Redundancy is key, says Ott. “When we do an implementation, we require — or at least strongly recommend — that you build redundancy with your implementation,” he says. “Computers are what they are, and you should build in redundancy to guard against failure.”

This means having a backup plan for your backup plan, such as a secondary server — preferably offsite — that holds what is essentially a mirror image of your live data. The routine backup procedures you set up in your office should write to this server on a regular basis.

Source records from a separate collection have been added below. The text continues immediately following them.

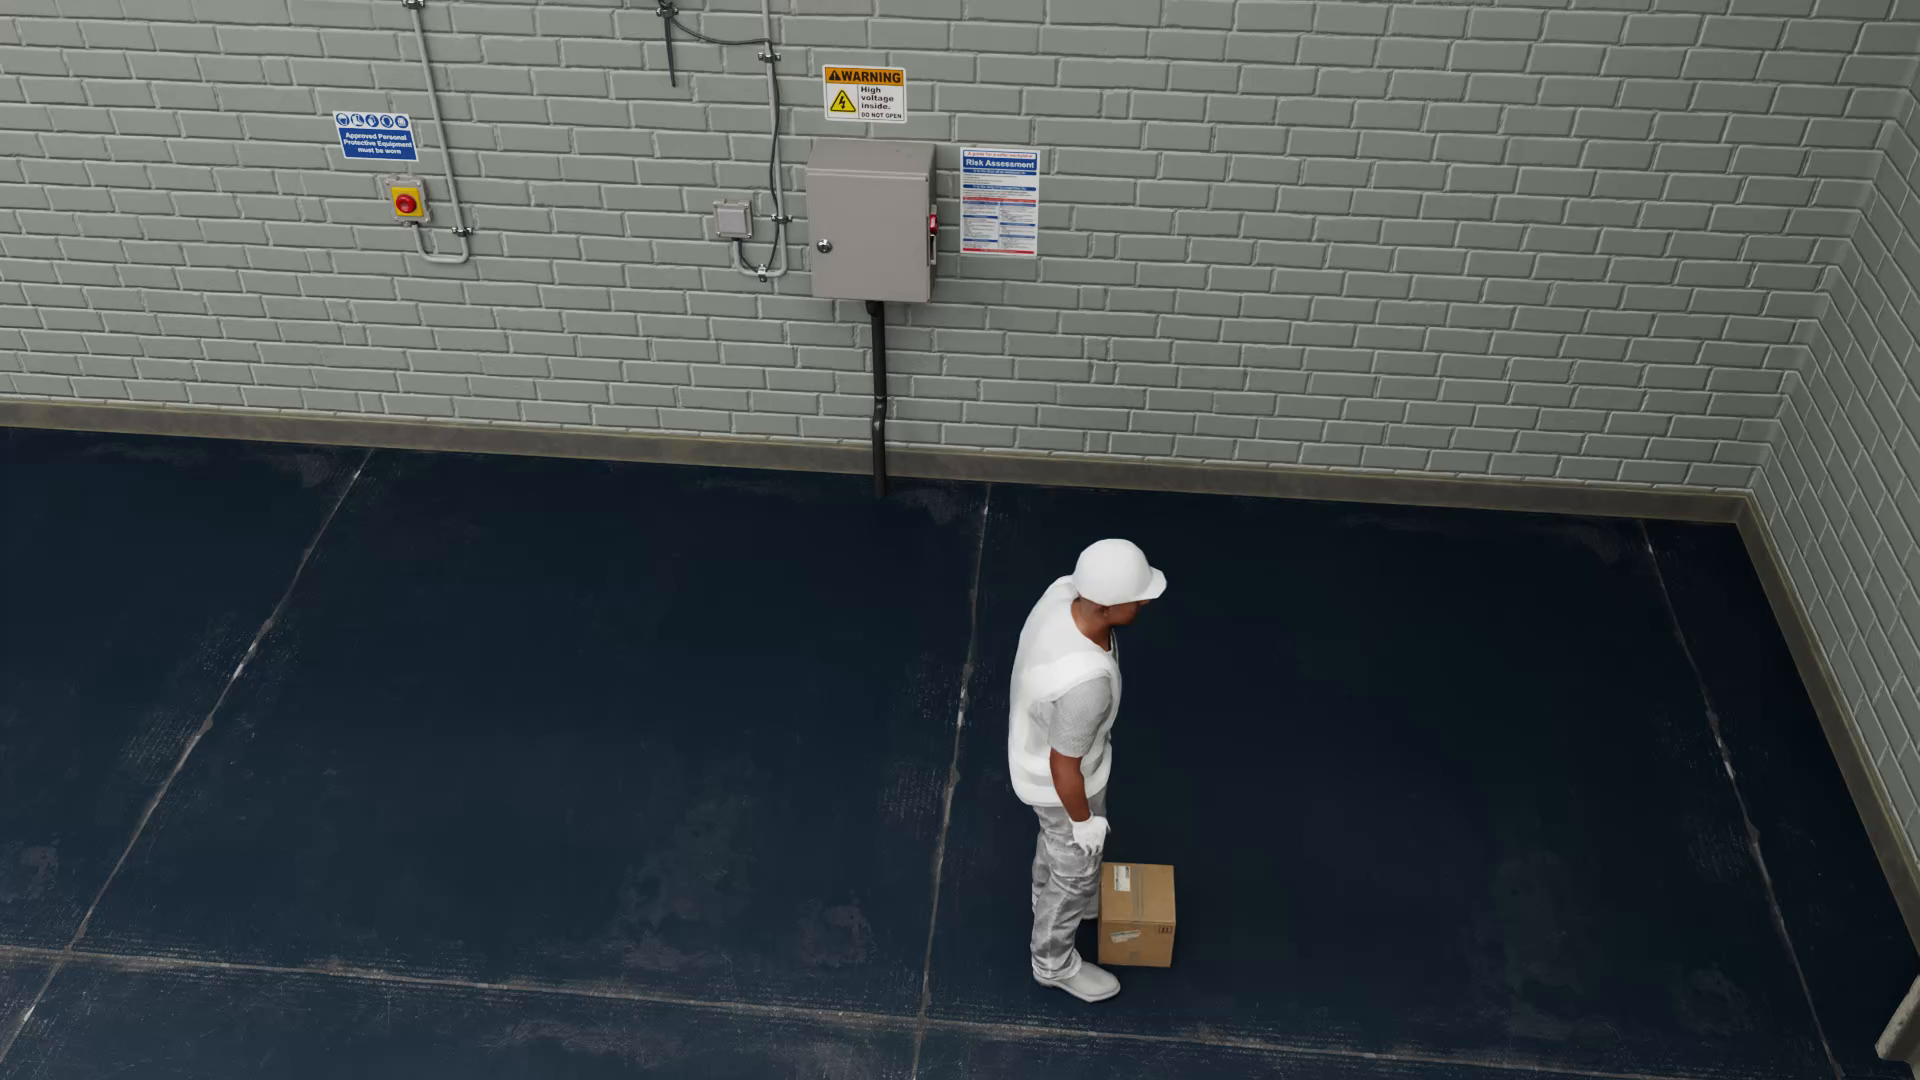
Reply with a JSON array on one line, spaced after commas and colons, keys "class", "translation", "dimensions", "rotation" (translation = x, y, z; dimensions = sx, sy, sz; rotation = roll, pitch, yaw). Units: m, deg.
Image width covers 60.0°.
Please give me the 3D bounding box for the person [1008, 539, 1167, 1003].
[{"class": "person", "translation": [0.375, 0.710, 5.292], "dimensions": [0.447, 1.773, 0.606], "rotation": [2, 40, 2]}]
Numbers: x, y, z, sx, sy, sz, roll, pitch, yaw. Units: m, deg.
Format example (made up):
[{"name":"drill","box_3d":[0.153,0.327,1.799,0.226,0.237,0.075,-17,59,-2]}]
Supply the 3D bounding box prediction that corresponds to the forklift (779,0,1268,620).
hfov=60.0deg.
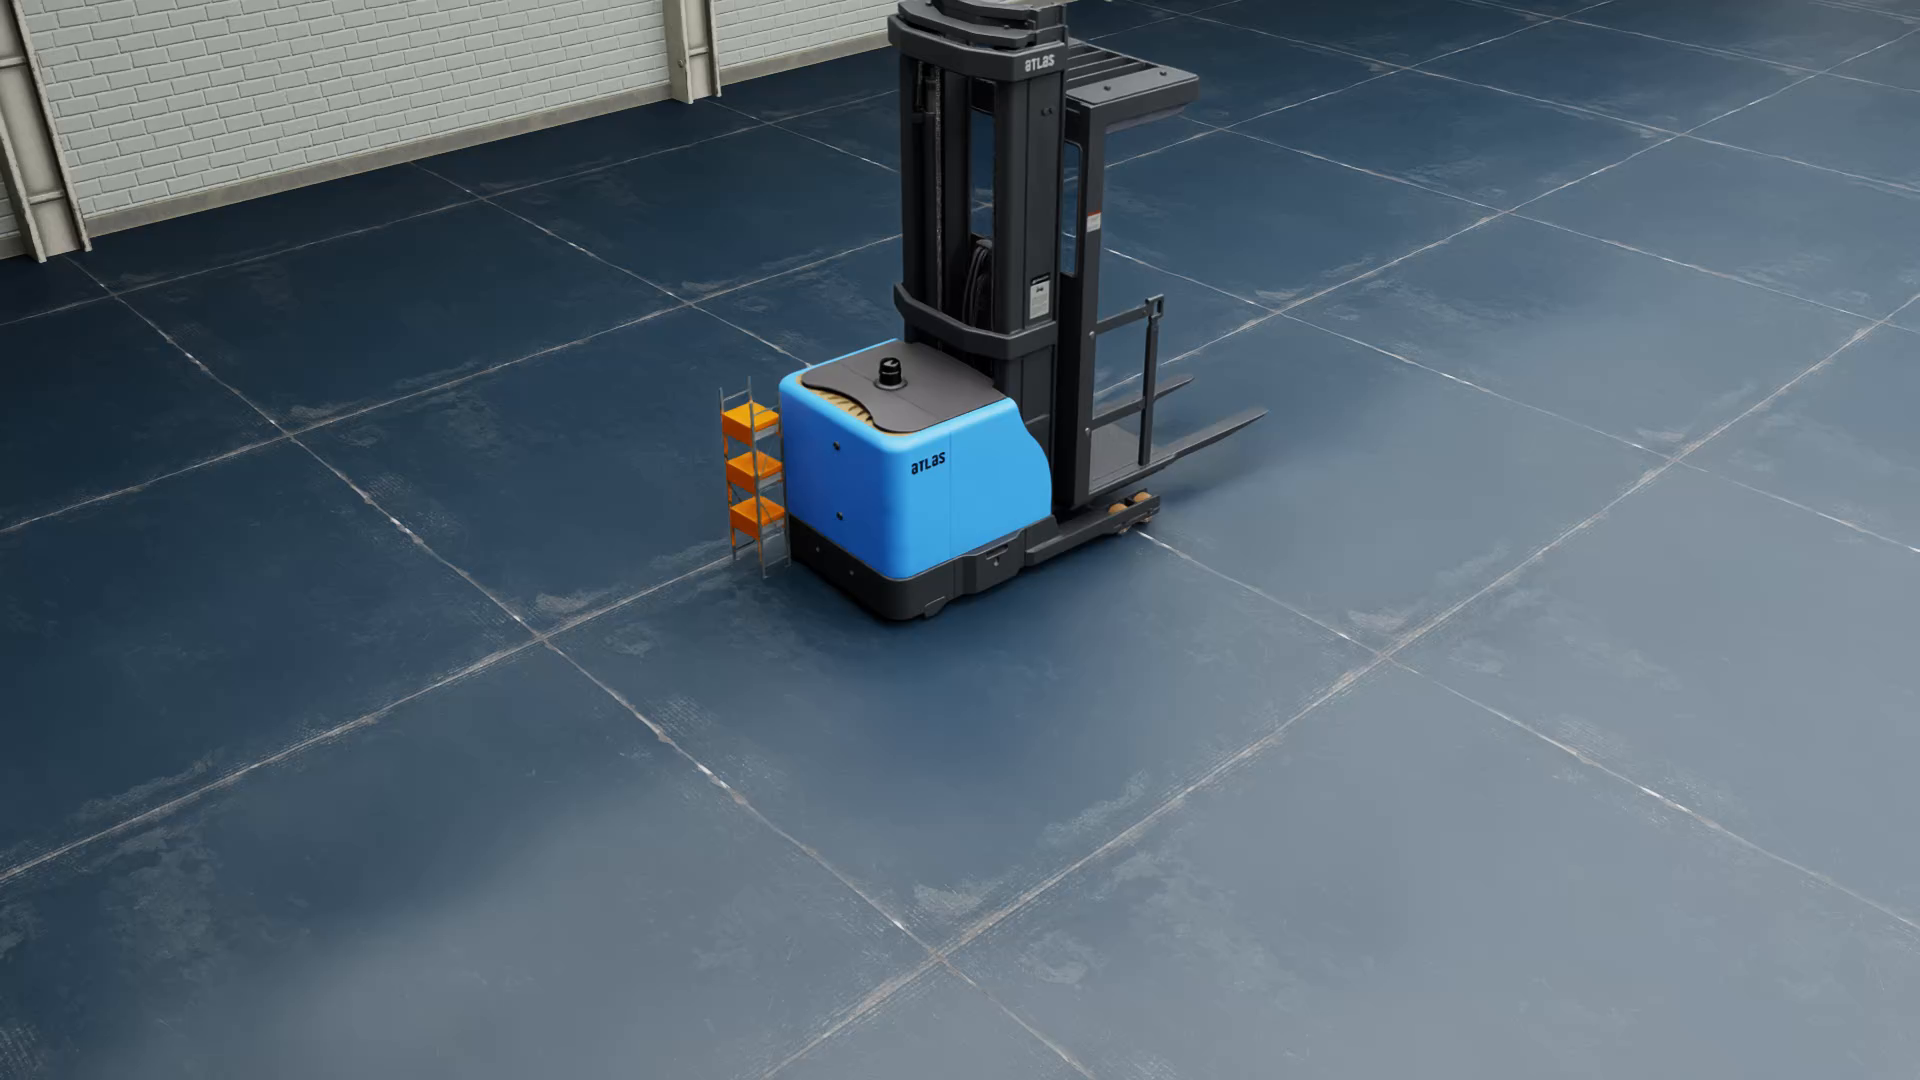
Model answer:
[{"name":"forklift","box_3d":[0.503,-1.475,8.853,3.031,2.935,1.130,-24,39,-33]}]

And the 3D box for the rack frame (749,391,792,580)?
[{"name":"rack frame","box_3d":[-0.987,-0.273,8.691,0.008,1.050,0.200,27,41,37]}]

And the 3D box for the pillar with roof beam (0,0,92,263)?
[{"name":"pillar with roof beam","box_3d":[-4.075,-4.440,7.885,0.400,9.000,9.100,-26,40,-35]}]

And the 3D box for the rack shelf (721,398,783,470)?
[{"name":"rack shelf","box_3d":[-1.074,-0.551,8.621,0.240,0.259,0.215,27,41,37]}]

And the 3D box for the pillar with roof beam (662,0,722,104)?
[{"name":"pillar with roof beam","box_3d":[0.325,-6.568,11.366,0.400,9.000,9.100,-26,40,-35]}]

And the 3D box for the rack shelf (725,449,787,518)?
[{"name":"rack shelf","box_3d":[-1.074,-0.309,8.769,0.240,0.259,0.215,27,41,37]}]

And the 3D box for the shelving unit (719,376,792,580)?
[{"name":"shelving unit","box_3d":[-1.074,-0.318,8.764,0.252,1.050,0.215,27,41,37]}]

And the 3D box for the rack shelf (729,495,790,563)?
[{"name":"rack shelf","box_3d":[-1.074,-0.072,8.914,0.240,0.259,0.215,27,41,37]}]

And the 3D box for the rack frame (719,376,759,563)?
[{"name":"rack frame","box_3d":[-1.161,-0.363,8.837,0.008,1.050,0.200,27,41,37]}]
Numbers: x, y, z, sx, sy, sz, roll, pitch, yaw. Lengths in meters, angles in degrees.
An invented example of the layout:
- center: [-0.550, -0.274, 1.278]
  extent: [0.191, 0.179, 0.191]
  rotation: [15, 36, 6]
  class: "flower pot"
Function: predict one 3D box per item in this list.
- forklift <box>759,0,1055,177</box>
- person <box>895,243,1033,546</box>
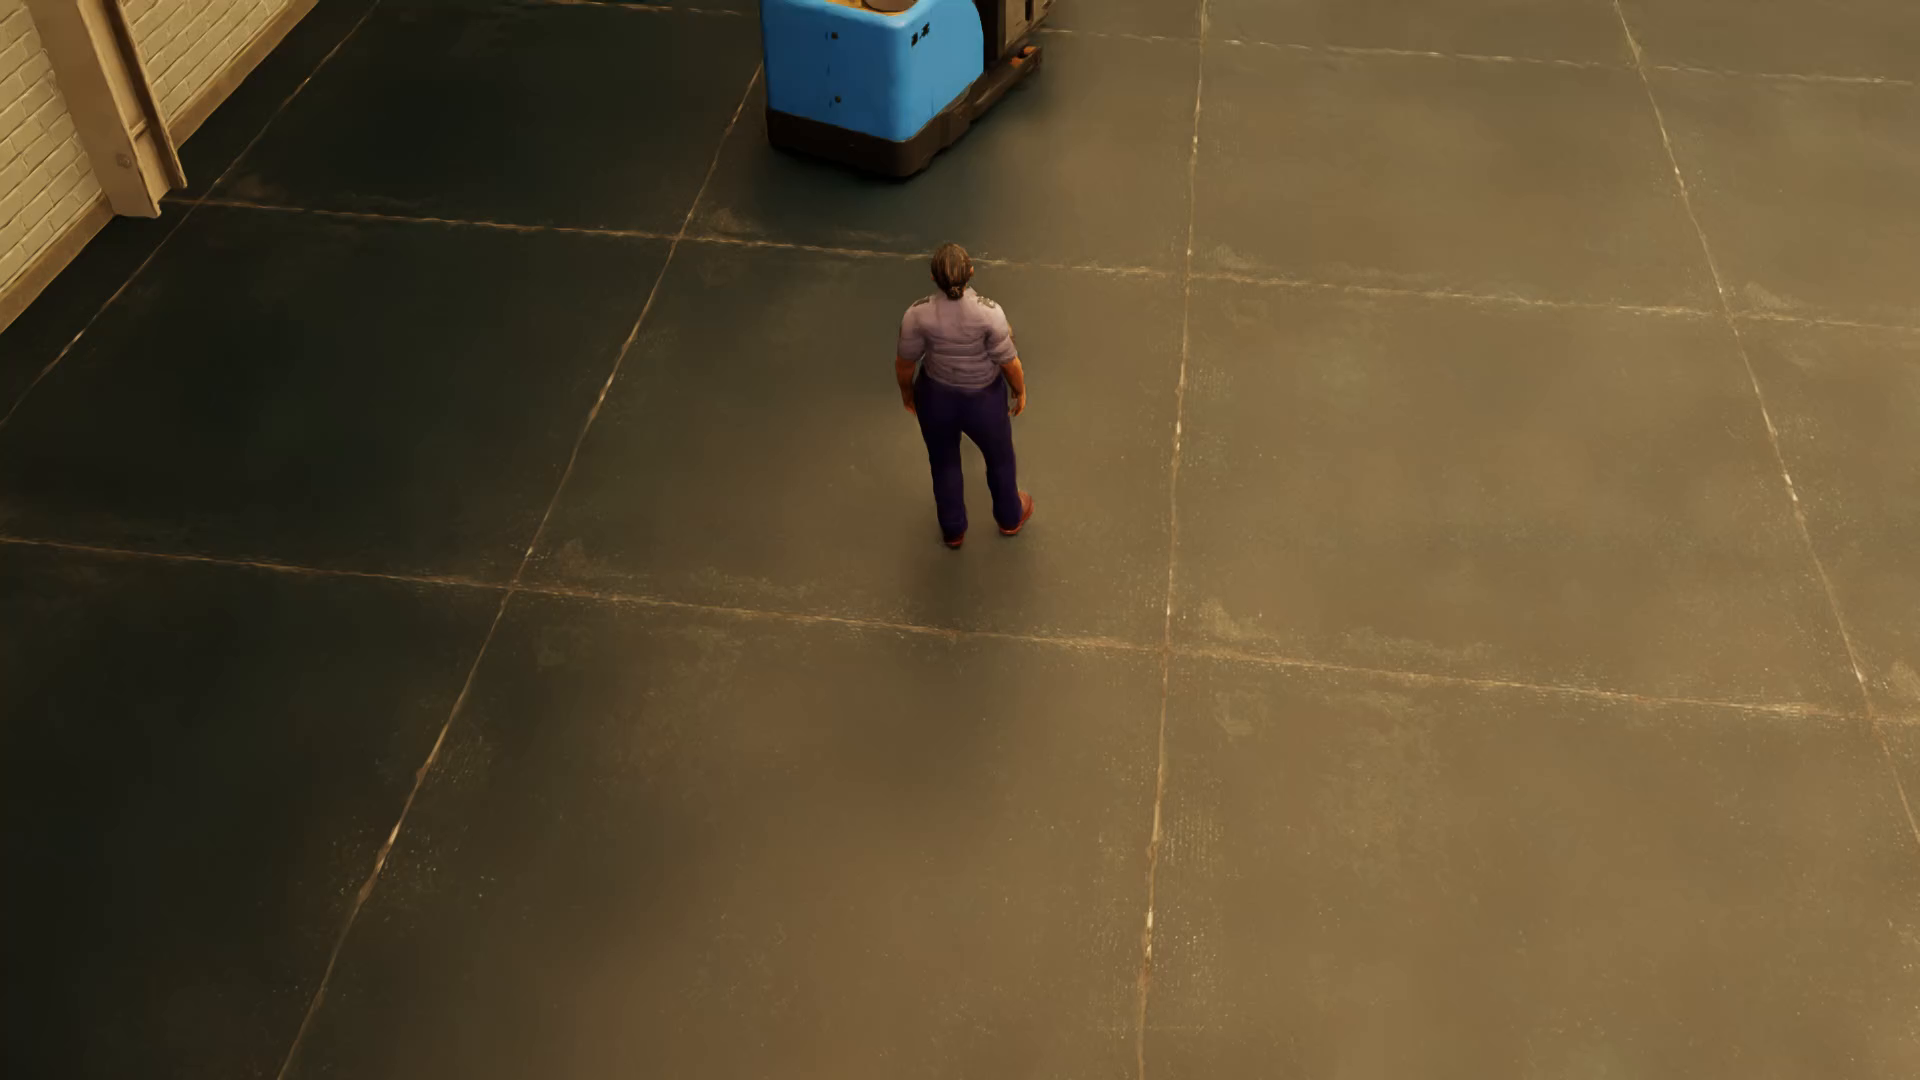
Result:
- center: [-0.091, -4.303, 10.409]
  extent: [1.130, 2.935, 3.031]
  rotation: [19, 46, 20]
  class: "forklift"
- center: [0.035, -0.666, 7.396]
  extent: [0.599, 1.640, 0.502]
  rotation: [5, 43, 6]
  class: "person"

And what’s “regular”? Something different for every practice. For SETMA, it means every 15 minutes. “The maximum [amount of data] we can lose is 14.5 minutes — fairly inconsequential,” says Holly. His practice also backs up the entire system twice a day to tapes, stashing them in a bank vault.

SETMA’s backup is asynchronous, meaning the data on the two servers are never exactly alike. Synchronous backup occurs when the system backs up every time a transaction is entered. Obviously, the more often you back up, the less data you stand to lose. However, synchronous backup slows down system performance, which is annoying to EMR users, and it’s quite expensive, which is annoying to whoever has to pay for it — probably you.